What they came up with was so outlandish that even Kok admits it sounded like “a hare-brained idea” at the time. It was mid-2018, and Kok had just joined the NUS faculty, fresh from a job in industry where he worked as a principal researcher at Japanese e-commerce site Rakuten, one of the largest such sites in the world.
“I noticed that because e-commerce companies operate globally, they have to translate their product titles into various languages,” he says. “And since many of them have already invested a large amount of time, energy, and money researching and proving their machine translation systems, they’re already pretty good.”
“So I thought: it’s good technology. Why don’t we just use this machine translation system to do product categorisation? Companies will get more return on investment too,” Kok says. He admits it was “not an obvious reach” because the two tasks — of language translation and product categorisation — seem inherently different on the surface. But, upon closer inspection, the two actually bear sufficient similarities for the idea to work.
“They both involve linear structures,” explains Kok. In conventional machine translation, one language is converted into another, using the notion that each sentence is a linear structure. For product categorisation, this structure takes the form of a path from the root to the leaves of a taxonomy tree.
“Effectively, we’re translating from English to a categorisation language,” says Kok. “It’s a very weird kind of language but still a language.
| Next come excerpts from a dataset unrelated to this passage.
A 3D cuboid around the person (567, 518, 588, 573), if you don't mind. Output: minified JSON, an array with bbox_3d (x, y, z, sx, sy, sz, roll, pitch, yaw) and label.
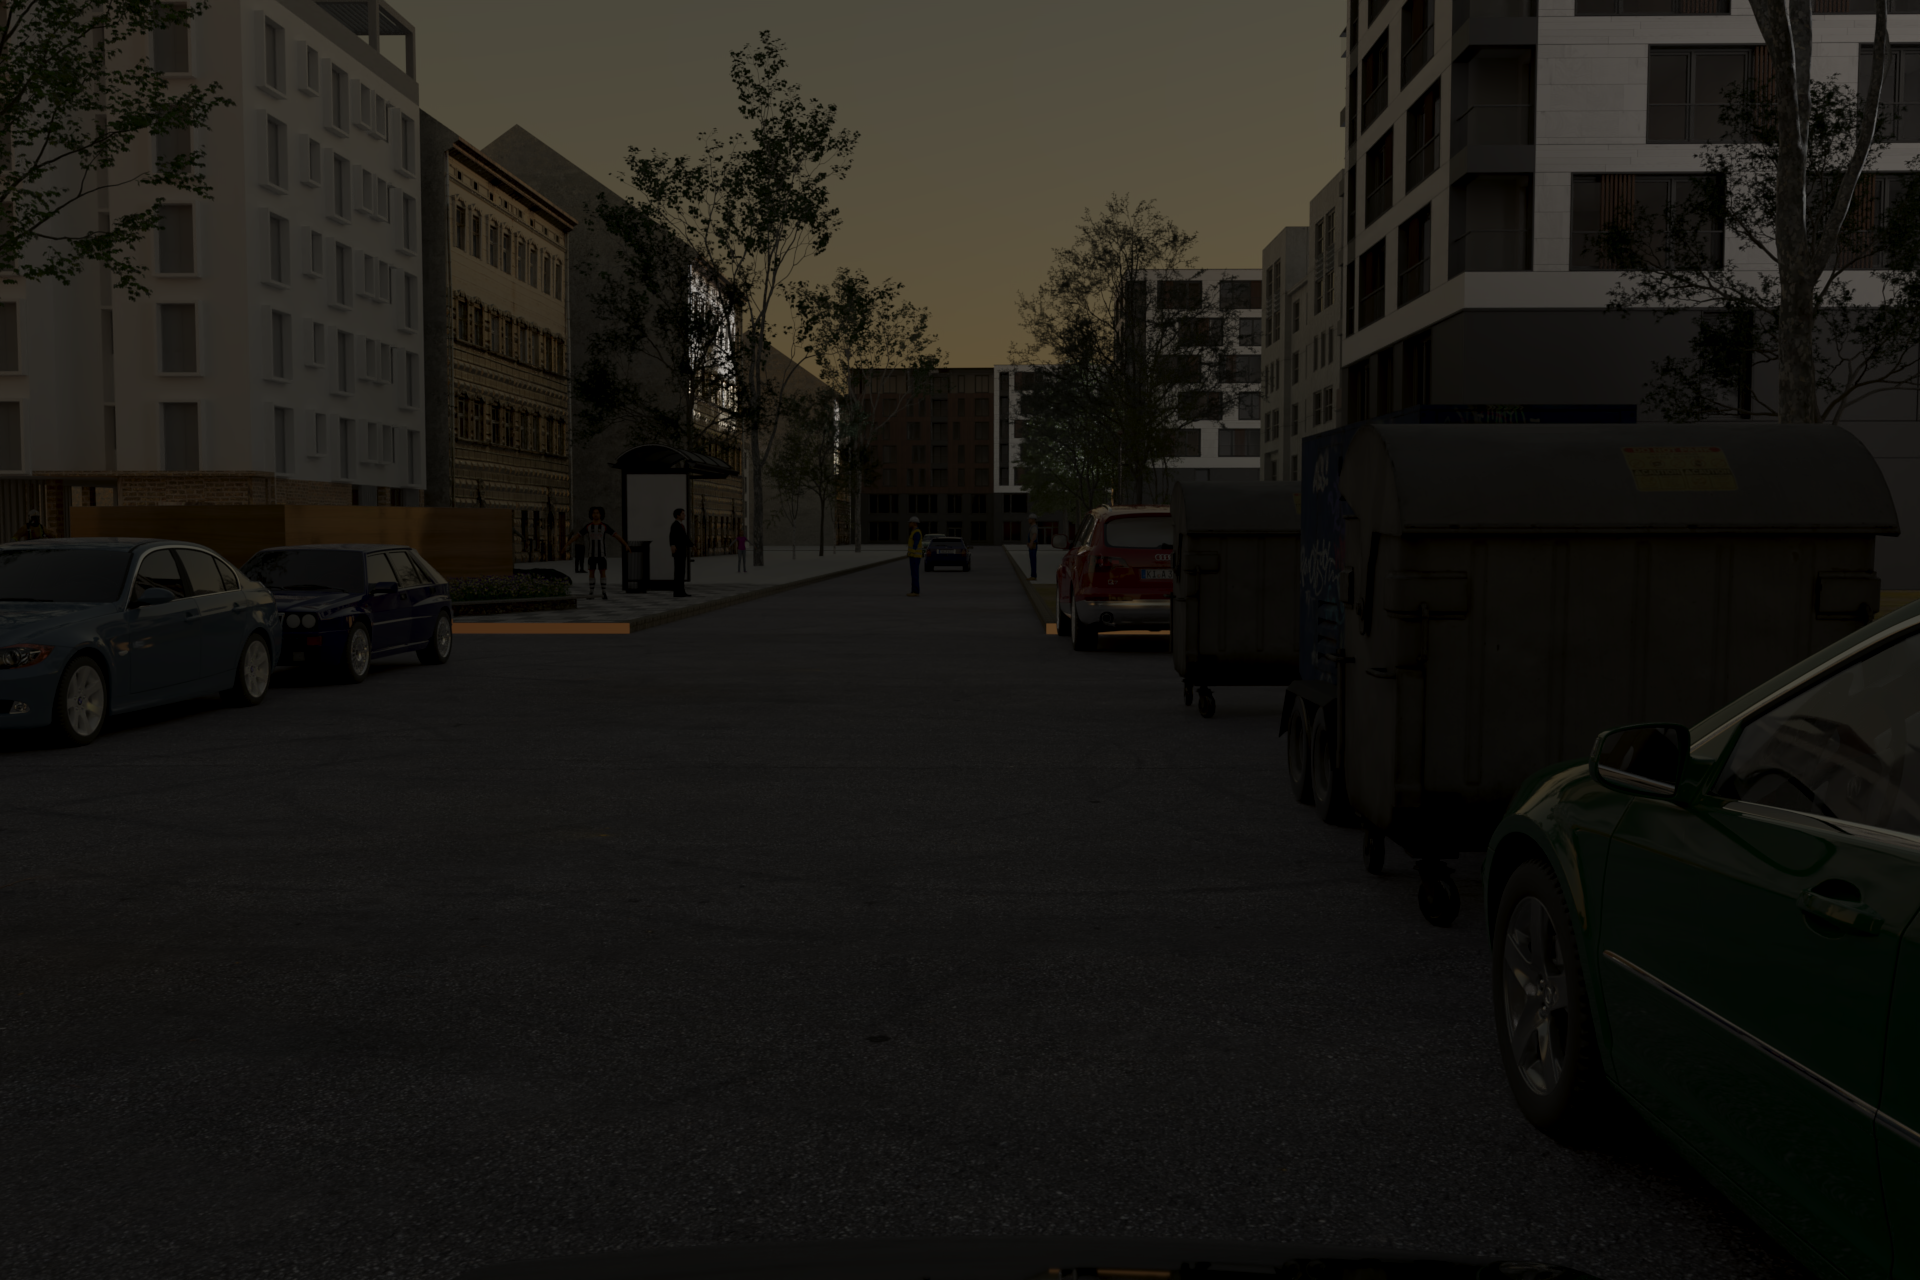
[{"bbox_3d":[-12.500,-3.114,57.039,1.348,1.813,0.705,2,4,33],"label":"person"}]

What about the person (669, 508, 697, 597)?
[{"bbox_3d":[-5.678,-1.777,35.243,0.705,1.806,1.347,1,4,10],"label":"person"}]

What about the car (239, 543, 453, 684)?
[{"bbox_3d":[-6.563,-0.319,17.798,1.945,1.354,3.894,0,4,2],"label":"car"}]

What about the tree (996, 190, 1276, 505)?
[{"bbox_3d":[6.381,-9.272,61.965,12.009,13.543,11.850,0,3,0],"label":"tree"}]

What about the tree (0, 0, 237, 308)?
[{"bbox_3d":[-13.034,-5.840,21.235,9.928,11.665,9.643,0,3,0],"label":"tree"}]

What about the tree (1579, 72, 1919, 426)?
[{"bbox_3d":[16.636,-6.045,33.245,8.767,10.594,7.601,-1,4,-23],"label":"tree"}]

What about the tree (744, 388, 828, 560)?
[{"bbox_3d":[-8.245,-8.348,86.844,4.360,8.622,3.978,0,3,0],"label":"tree"}]

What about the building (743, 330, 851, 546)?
[{"bbox_3d":[-22.466,-22.303,195.578,19.493,23.208,18.063,0,4,1],"label":"building"}]

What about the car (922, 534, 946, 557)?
[{"bbox_3d":[-1.544,-5.849,107.421,2.131,1.459,4.920,0,4,2],"label":"car"}]

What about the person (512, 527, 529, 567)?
[{"bbox_3d":[-15.514,-3.257,59.527,1.348,1.796,0.705,-1,4,-15],"label":"person"}]

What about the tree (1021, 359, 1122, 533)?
[{"bbox_3d":[7.309,-11.754,110.305,7.486,12.596,7.792,0,3,0],"label":"tree"}]

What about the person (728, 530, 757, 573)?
[{"bbox_3d":[-7.259,-2.967,57.774,0.991,1.433,0.599,-2,4,-24],"label":"person"}]

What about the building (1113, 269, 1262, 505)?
[{"bbox_3d":[27.041,-18.704,149.788,27.936,21.610,32.646,0,4,1],"label":"building"}]

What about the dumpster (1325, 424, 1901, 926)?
[{"bbox_3d":[2.454,0.087,6.786,1.865,1.857,1.264,0,4,1],"label":"dumpster"}]

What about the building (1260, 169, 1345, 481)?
[{"bbox_3d":[26.942,-13.821,92.435,16.747,18.905,31.486,0,4,1],"label":"building"}]

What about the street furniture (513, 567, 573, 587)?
[{"bbox_3d":[-12.423,-1.493,40.032,5.734,0.657,10.072,0,4,5],"label":"street furniture"}]

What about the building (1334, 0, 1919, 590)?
[{"bbox_3d":[25.718,-12.905,54.966,27.936,21.610,32.646,0,4,1],"label":"building"}]

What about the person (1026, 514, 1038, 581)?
[{"bbox_3d":[1.988,-2.572,47.906,0.705,1.847,1.347,0,3,0],"label":"person"}]

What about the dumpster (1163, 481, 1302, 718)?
[{"bbox_3d":[2.619,-0.350,13.946,1.865,1.857,1.264,0,4,0],"label":"dumpster"}]

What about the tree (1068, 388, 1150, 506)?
[{"bbox_3d":[6.899,-8.173,83.984,4.360,8.622,3.978,0,3,0],"label":"tree"}]

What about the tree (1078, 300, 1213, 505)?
[{"bbox_3d":[6.420,-6.333,53.914,4.360,8.622,3.978,0,3,0],"label":"tree"}]

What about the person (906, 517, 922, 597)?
[{"bbox_3d":[-1.075,-1.921,39.834,0.705,1.833,1.349,0,4,-5],"label":"person"}]

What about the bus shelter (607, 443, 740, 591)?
[{"bbox_3d":[-6.730,-2.905,41.419,2.014,3.302,5.546,0,4,3],"label":"bus shelter"}]

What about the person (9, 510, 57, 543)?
[{"bbox_3d":[-21.775,-2.142,40.793,0.705,1.858,1.354,3,5,40],"label":"person"}]

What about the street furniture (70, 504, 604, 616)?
[{"bbox_3d":[-10.751,-1.249,27.269,11.010,1.723,9.812,2,4,26],"label":"street furniture"}]

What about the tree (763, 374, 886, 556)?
[{"bbox_3d":[-7.715,-10.128,100.012,7.601,10.594,8.767,-2,4,-29],"label":"tree"}]

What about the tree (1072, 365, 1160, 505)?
[{"bbox_3d":[7.133,-7.635,75.195,4.360,8.622,3.978,0,3,0],"label":"tree"}]

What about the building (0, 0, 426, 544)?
[{"bbox_3d":[-25.277,-11.932,51.516,16.016,20.090,11.380,0,4,2],"label":"building"}]

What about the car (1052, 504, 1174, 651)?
[{"bbox_3d":[2.381,-0.863,22.783,2.281,1.827,5.304,0,4,0],"label":"car"}]

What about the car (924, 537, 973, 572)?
[{"bbox_3d":[-0.462,-3.332,67.053,1.945,1.354,3.894,0,4,2],"label":"car"}]

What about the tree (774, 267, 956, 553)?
[{"bbox_3d":[-6.644,-16.236,121.354,12.611,20.169,13.585,0,3,0],"label":"tree"}]

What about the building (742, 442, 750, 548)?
[{"bbox_3d":[-24.050,-13.399,161.227,9.099,9.664,28.070,0,4,0],"label":"building"}]

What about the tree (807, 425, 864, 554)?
[{"bbox_3d":[-8.066,-9.844,111.310,4.360,8.622,3.978,0,3,0],"label":"tree"}]

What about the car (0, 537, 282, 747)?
[{"bbox_3d":[-6.739,-0.072,13.183,2.014,1.417,4.499,0,4,1],"label":"car"}]

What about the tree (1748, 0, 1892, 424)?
[{"bbox_3d":[7.749,-9.928,18.213,12.611,20.169,13.585,0,3,0],"label":"tree"}]

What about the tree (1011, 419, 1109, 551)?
[{"bbox_3d":[7.553,-12.979,130.332,7.486,12.596,7.792,0,3,0],"label":"tree"}]

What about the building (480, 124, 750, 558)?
[{"bbox_3d":[-23.461,-16.606,102.443,19.493,23.208,18.063,0,4,2],"label":"building"}]

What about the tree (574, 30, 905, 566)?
[{"bbox_3d":[-8.618,-12.963,67.829,12.611,20.169,13.585,0,3,0],"label":"tree"}]

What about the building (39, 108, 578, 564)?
[{"bbox_3d":[-28.477,-14.946,75.299,19.493,23.208,18.063,0,4,2],"label":"building"}]

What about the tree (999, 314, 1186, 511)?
[{"bbox_3d":[7.245,-11.408,96.883,12.009,13.543,11.850,0,3,0],"label":"tree"}]

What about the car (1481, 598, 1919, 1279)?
[{"bbox_3d":[2.280,0.555,2.732,2.131,1.459,4.920,0,3,0],"label":"car"}]

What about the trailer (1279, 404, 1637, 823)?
[{"bbox_3d":[2.502,-0.156,9.598,1.471,1.999,3.904,0,4,0],"label":"trailer"}]

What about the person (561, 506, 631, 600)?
[{"bbox_3d":[-7.123,-1.702,33.979,1.345,1.843,0.704,0,4,-5],"label":"person"}]

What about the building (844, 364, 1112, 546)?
[{"bbox_3d":[2.828,-22.935,221.419,32.646,21.610,27.936,0,4,4],"label":"building"}]

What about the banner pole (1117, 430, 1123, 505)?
[{"bbox_3d":[3.852,-3.158,41.646,0.401,3.779,0.863,0,4,2],"label":"banner pole"}]

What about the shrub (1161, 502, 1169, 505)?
[{"bbox_3d":[4.513,-2.002,36.773,1.661,2.075,1.752,0,3,0],"label":"shrub"}]

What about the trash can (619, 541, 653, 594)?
[{"bbox_3d":[-7.018,-1.581,37.505,0.748,1.137,0.748,0,3,0],"label":"trash can"}]

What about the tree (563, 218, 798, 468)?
[{"bbox_3d":[-8.653,-7.205,52.215,8.767,10.594,7.601,2,4,35],"label":"tree"}]

Neural machine translation is similar to existing techniques using machine learning in that both involve mapping text characters to vectors. The difference, however, is the former results in vectors that take the form of various numbers, rather than simply being a string of ones and zeros. It’s a crucial distinction that allows the technology to recognise synonyms — and by extension, similar products — despite two words having vastly different spellings.
Take the words ‘river’ and ‘stream’ as examples, says Kok. If the vector representing them has three positions, neural machine translation might represent one word as ‘6.1, 3.2, 1.5’ and the other as ‘6.2, 3.5, 1.6’. The similarity of these numbers implies they are “very close together, and hence they could be translated as closely related things,” he says.
As a result, machine translation technology, similar to how “there’s more than one way to convert and express an English sentence to Chinese,” can provide more than one description or categorisation for a product, says Kok. “It is able to create both existing root-to-leaf paths and novel paths, which is important because it’s very human to view a product in multiple ways.”
Additionally, machine translation provides the benefit of being resilient to the vagaries of language and errors in a product’s description or labelling. The technology, for example, would have no trouble recognising that a ‘Mix Pancake Waffle 24 oz, Pack of Six’ is the same as a ‘Packet of Six: Waffle Pancake Mix, 24 oz.’
Machine translation offers yet another advantage over traditional classification systems: improved accuracy. When Kok and his collaborators applied both approaches to two large real-world Rakuten datasets, which together comprised nearly two million product titles, they found that their new technique correctly categorised products (according to their existing leaves) more often than machine learning did.
“We were very surprised, we didn’t expect it to work in such a straightforward manner,” says Kok. For future work, he would like to conduct user experiments to study how convenient novel root-to-leaf paths are to customers and whether this converts to actual sales. Additionally, he hopes to integrate pictures alongside text into the machine translation framework to help improve categorisation accuracy.